# Maybe as an Applicative Functor

`Maybe` type is made an instance of the `Applicative` type class as follows:

``````instance Applicative Maybe where
pure = Just
Nothing <*> _ = Nothing
(Just f) <*> something = fmap f something
``````

It took me a several attempts before I could parse this definition. I was particularly puzzled by the line `(Just f) <*> something = fmap f something`. To help me understand this better, I decided to build this definition back up from the very basics.

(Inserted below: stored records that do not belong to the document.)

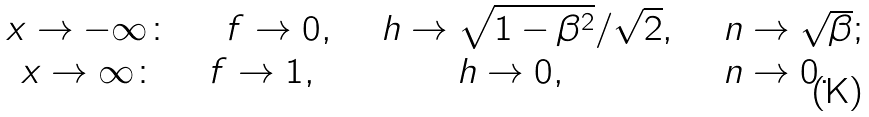<formula> <loc_0><loc_0><loc_500><loc_500>\begin{array} { c c c c } x \rightarrow - \infty \colon & \quad f \rightarrow 0 , & \quad h \rightarrow \sqrt { 1 - \beta ^ { 2 } } / \sqrt { 2 } , & \quad n \rightarrow \sqrt { \beta } ; \\ x \rightarrow \infty \colon & f \rightarrow 1 , & h \rightarrow 0 , & n \rightarrow 0 . \end{array}</formula> 
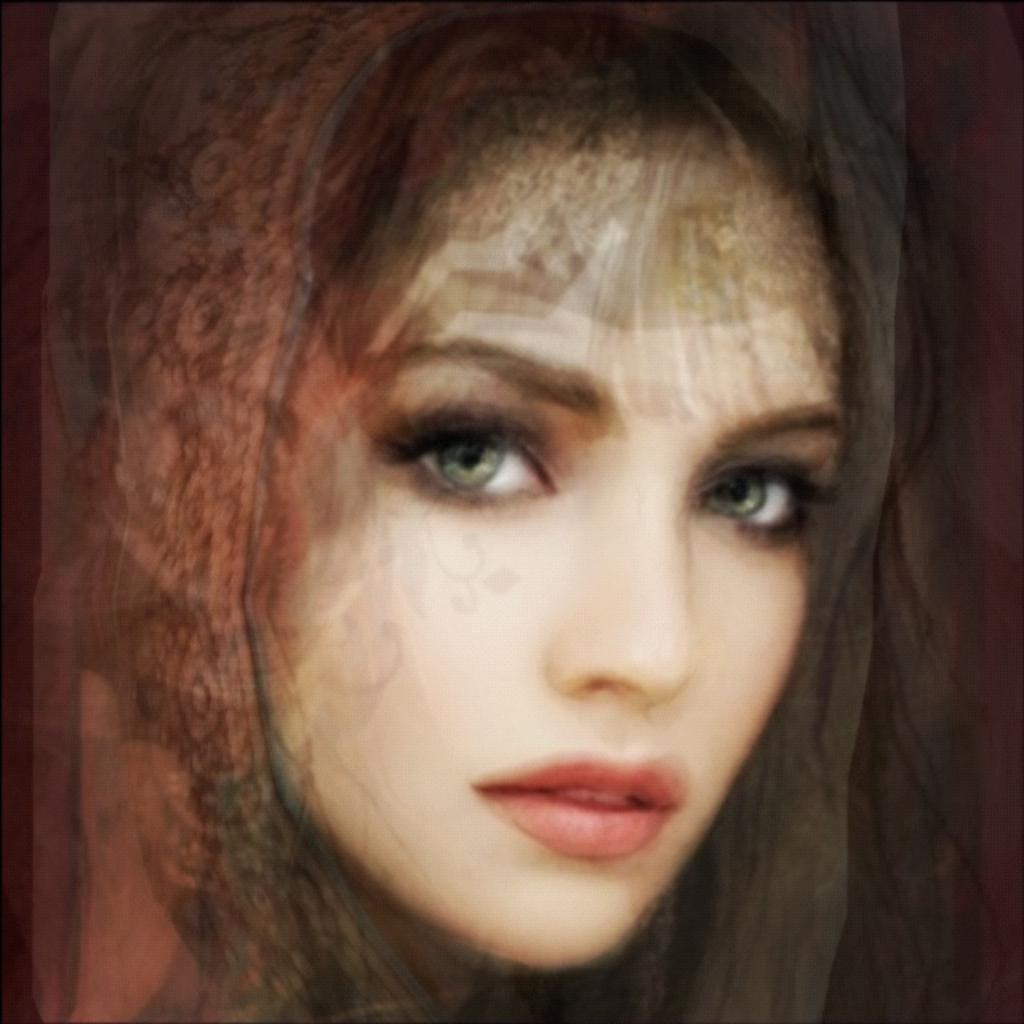What style is the image presented in? The image looks like a painting. What specific detail can be observed in the painting? There are red lips depicted in the image. What type of cake is being served in the image? There is no cake present in the image; it is a painting with red lips depicted. What does the image need to be considered complete? The image is already complete as it is a painting, and there is no need for additional elements. 
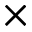Convert formula to latex. <formula><loc_0><loc_0><loc_500><loc_500>\times</formula>

First, let’s look at the `Functor` type class definition:

``````class Functor f where
fmap :: (a -> b) -> f a -> f b
``````

This means that for a given functor type `f` (i.e. type that is an instance of the `Functor` type class), `fmap` takes a function from `a -> b` and a functor (box) that contains `a` and returns a functor (box) that contains `b`. An intuitive way to think about this is that `fmap` opens the box containing `a` and applies the function `a -> b` to it, which results in `b`.

Now let’s see how `Maybe` is an instance of the `Functor` type class:

``````instance Functor Maybe where
fmap func Nothing  = Nothing
fmap func (Just x) = Just (func x)
``````
• Line 2: Applying a function to `Nothing` results in `Nothing`.
• Line 3: From the definition of the `Functor` type, we know that the type of `func` is `a -> b` and `Just x` corresponds to `f a`. Applying the function to `x` inside the box results in a value of type `b` in the functor box.

Now, let’s look at the definition of the `Applicative` type class:

``````class (Functor f) => Applicative f where  -- 1
pure :: a -> f a                      -- 2
(<*>) :: f (a -> b) -> f a -> f b     -- 3
``````

For a type `f` that is an instance of the `Applicative` type class, here is what each line means:

1. `f` must also be a functor (i.e. be an instance of the `Functor` type class).
2. The `pure` function takes an arbitrary type `a` and brings it into the functor. i.e. `pure` puts `a` in a box of type `f`.
3. `<*>` takes a functor (box) of type `f` that contains a function of type `a -> b`, and a functor (box) of type `f` that contains type `a`. It results in a functor (box) of type `f` that contains `b`.

With the preamble out of the way, let’s make `Maybe` an instance of the `Applicative` type class. To do that, I need to implement the `pure` and `<*>` methods for the `Maybe` type. Below is a line-by-line implementation:

``````instance Applicative Maybe where
pure x = Just x
``````

For the `Maybe` type, `pure` simply wraps an arbitrary type in `Just`, thus making it a `Maybe` value. E.g. writing `pure 4 :: Maybe Int` in GHCi results in `Just 4`.

``````    (<*>) Nothing _ = Nothing
``````

Here, `Nothing` maps to `f (a -> b)` from the `Applicative` class definition. We cannot extract a function out of `Nothing`, so the result will be `Nothing` regardless of the second argument.

``````    (<*>) (Just func) Nothing = Nothing
``````

In the line above, `(Just func)` maps to `f (a -> b)`, and `Nothing` maps to `f a` from the class definition. `<*>` extracts `func` out of `Just func`, and applies it to `Nothing`. Applying a function to `Nothing` results in `Nothing` (or, using the box analogy, applying a function to an empty box results in an empty box)

``````    (<*>) (Just func) (Just x) = Just (func x)
``````

`(Just func)` maps to `f (a -> b)`, and `Just x` maps to `f a` from the `Applicative` class definition. `<*>` extracts the function from `Just func`, and applies it to `x` inside the `Just x` box. The result is `Just (func x)`.

Now, let’s put the definition of `<*>` for `Maybe` type next to the definition of the `fmap` function:

``````    (<*>) (Just func) Nothing  = Nothing
(<*>) (Just func) (Just x) = Just (func x)

fmap func Nothing  = Nothing
fmap func (Just x) = Just (func x)
``````

This makes it obvious that in the definition of `<*>`, once we extract `func` out of `Just func`, we simply map that function over the second argument of `<*>` (which will be of `Maybe` type as well). This means that the `<*>` implementation for `Maybe` can be re-written as:

``````    <*> (Just func) something = fmap func something
``````

This is exactly how the `<*>` function is implemented at the beginning of this blog post.